The HLA-C signal is ten logs weaker than HLA-A or HLA-B and is diminished slightly by adjusting for HLA-A or HLA-B variants (Figure 3E, Table S11). Further, the most significant HLA-C alleles (HLA-C*03:02 and -C*12:02) track HLA-A and -B alleles in the haplotype analyses (Table S8), suggesting the HLA-C association are likely proxies of the stronger HLA-B and -A associations. We interpret these cumulative data as suggestive that there are two robust independent HLA association signals with NPC development: HLA-A including at least five amino acid position in 62Gln, 70Gln, 97Ile, 114Arg and 276Leu carried by HLA-A*11:01 and HLA-B including the -16Leu and 116Leu-bearing alleles.

Our GWAS analysis also provided an opportunity to inspect regions of the genome outside HLA that had been implicated in previous NPC studies. The results (Table S6 and Table 1) offer strong supportive confirmation of SNPs in the HLA-A gene region (including the adjacent HCG9, and GABBR1 genes) as suggested by previous GWAS. [18], [19] However, our SNP replication (Table S6) and multivariate logistical regression analysis (Figure 3; Table S11) indicate that all these associations are by and large proxies for the primary functional aa variants association in our cohort. We also replicated the TNFRSF19, MDS1-EVI1, CDNK2A/2B gene associations [19] in our cohort (p = 1.5×10−5; 5.0×10−5 and 5.6×10−3 respectively) although these genes did not achieved genome wide significance (Table S6). The ITGA9 association reported by Ng et al14 was not replicated in our cohort (Table S6).


We present and interpret a 1 M SNP GWAS, in subjects from Guangxi Zhuang Autonomous Region and Guangdong province of southern China, where perhaps the highest recorded NPC incidence has been found. [3], [4], [20], [21] Multiple genome wide significant association signals were evident with the HLA gene region and in a few other chromosomal regions (Figure 1A). Because the HLA region is complex and displays extensive LD, we sought to resolve the causal association signals with several different approaches. These included replication in an independent cohort from the same area, sequence based gene typing of the HLA-A, -B and -C genes, and analysis of sequence based nucleotide alleles as well as 284 amino acid site variants across the HLA genes (Figure 2). We compared association signals of SNPs, aa variants, HLA- alleles defined by molecular typing and associated HLA –A, -B and C haplotypes. To resolve the operative variants from proxies that track signals by LD, we enlisted a multivariate logistical regression of alleles and site variants with the strongest signals (Figure 3, Table S11). Finally we revisited and attempted replication in our cohort reports from other NPC gene associations including GWAS recently published, [17], [18], [19] (TNFRSF19 -CHR 13, MDS1-EVI1-CHR 3, and CDNK2A/2B- CHR 9; Table S6) affirming gene influence that are important in this disease.
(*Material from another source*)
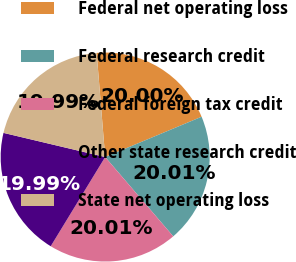Convert chart. <chart><loc_0><loc_0><loc_500><loc_500><pie_chart><fcel>Federal net operating loss<fcel>Federal research credit<fcel>Federal foreign tax credit<fcel>Other state research credit<fcel>State net operating loss<nl><fcel>20.0%<fcel>20.01%<fcel>20.01%<fcel>19.99%<fcel>19.99%<nl></chart> 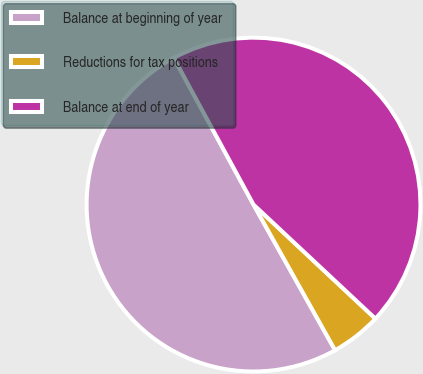Convert chart to OTSL. <chart><loc_0><loc_0><loc_500><loc_500><pie_chart><fcel>Balance at beginning of year<fcel>Reductions for tax positions<fcel>Balance at end of year<nl><fcel>50.2%<fcel>4.9%<fcel>44.9%<nl></chart>

In the present study, two independent powerful association signals within the HLA region were resolved for NPC, amidst a background of scores of adjacent associated LD-proxy variants. The first influence involved the HLA-A*11:01 allele sequence and function, specifically in the peptide binding groove, which recognizes invading antigens. This conclusion derives from several lines of evidence: 1.) HLA-A*11:01 is a common allele in the populations (F = 0.25) and is the only “protective” allele with genome wide significant HLA-A signal (OR = 0.59; P = 1.7×10−19; Table 1) the strongest of all HLA alleles. 2.) HLA-A*11:01 is included in the significantly associated protective HLA haplotypes (Table S8); 3.) 100% of associated SNPs and aa variants about HLA-A, including those in adjacent genes, namely the HCG9, and GABBR1 loci, are proxies HLA-A*11:01(Figure 3; Table S11); 4.) HLA-A*11:01 carries five strongly significant associated aa variants (62Gln, 276Leu, 114Arg, 70Gln, and 97Ile) in its peptide binding groove (Table S10). Taken together, the HLA-A association is centered on HLA-A*11:01 allele function and tracked by internal and closely linked proxy aa and SNP variants.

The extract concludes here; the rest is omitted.